Il entre dans une pièce aux murs tapissés de vieux journaux. Ce n’est pas pour les lire. C’est pour le bruit. Le froissement des pages quand l’air passe. Il aime ça. Il dit que c’est comme si les murs respiraient. Comme si l’histoire du monde soupirait autour de lui.

Il s’assied dans un fauteuil.
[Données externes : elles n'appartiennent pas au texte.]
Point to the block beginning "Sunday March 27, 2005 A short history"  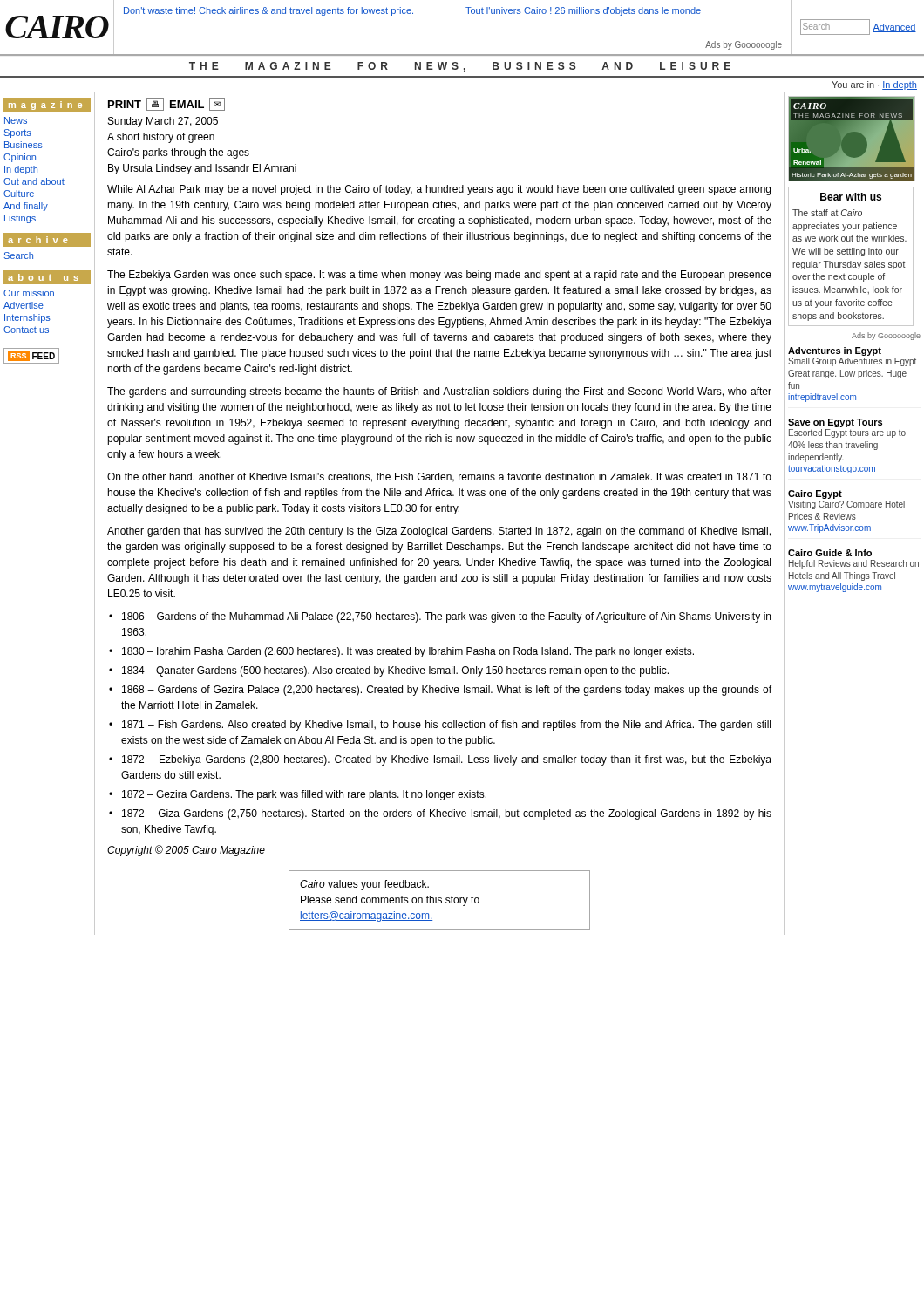click(202, 145)

Ancien. Usé. Un fauteuil qui a appartenu à son père, ou à un homme qui lui ressemble. Il ne s’en souvient pas. Il ferme les yeux.

Et pense à elle. À celle d’avant. Celle qu’il a gardée longtemps. Celle qu’il a brisée sans le vouloir. Trop tôt. Trop vite. Il a appris. Il ne refera pas la même erreur. Il se souvient vaguement de sa voix, trop cassée pour supplier.

Celle-là… celle d’en haut… elle tiendra plus longtemps. Elle a quelque chose. Il ne sait pas quoi. Il n’a pas besoin de savoir. Il veut juste l’user. Jusqu’à ce que même sa présence devienne une absence.

Il rouvre les yeux. Se lève. S’étire. Il retourne vers l’escalier. Il pense qu’il pourrait lui parler aujourd’hui. Pas beaucoup. Juste un peu. Une phrase. Une image. Il aime glisser des souvenirs dans l’esprit des autres. Des souvenirs qui ne leur appartiennent pas. Juste pour voir s’ils les attrapent. S’ils les croient. S’ils s’y accrochent comme à des restes d’eux-mêmes.

Il remonte. Rouvre la porte. Elle n’a pas bougé. Elle ne lève pas les yeux. Elle est là. Simplement là. Comme si elle avait toujours été là.

Il sourit. Presque tendrement. Puis murmure :

— Tu sais, parfois, je rêve que tu n’aies jamais existé.

Et il referme.

Silence.

Elle sentit quelque chose. Ce n’était pas de la peur. Ni de la haine.
Sa main se referma lentement sur elle-même, sans raison.
C’était une douleur.
Une douleur qui ne saigne pas.



Note de l’auteur :

Ce prologue appartient à un projet en cours d’écriture : La douleur de l’âme, un thriller psychologique situé dans le même univers que Les Échos d’un regard.

Il peut se lire indépendamment, mais il résonnera plus fort une fois l’univers complet révélé.

Je le publie ici comme une trace, un souffle, un avant-goût.

La suite viendra quand le temps, les cendres et les mots seront prêts.

Merci de votre lecture.

L’écho d’une douleur sera la résonance de la guérison.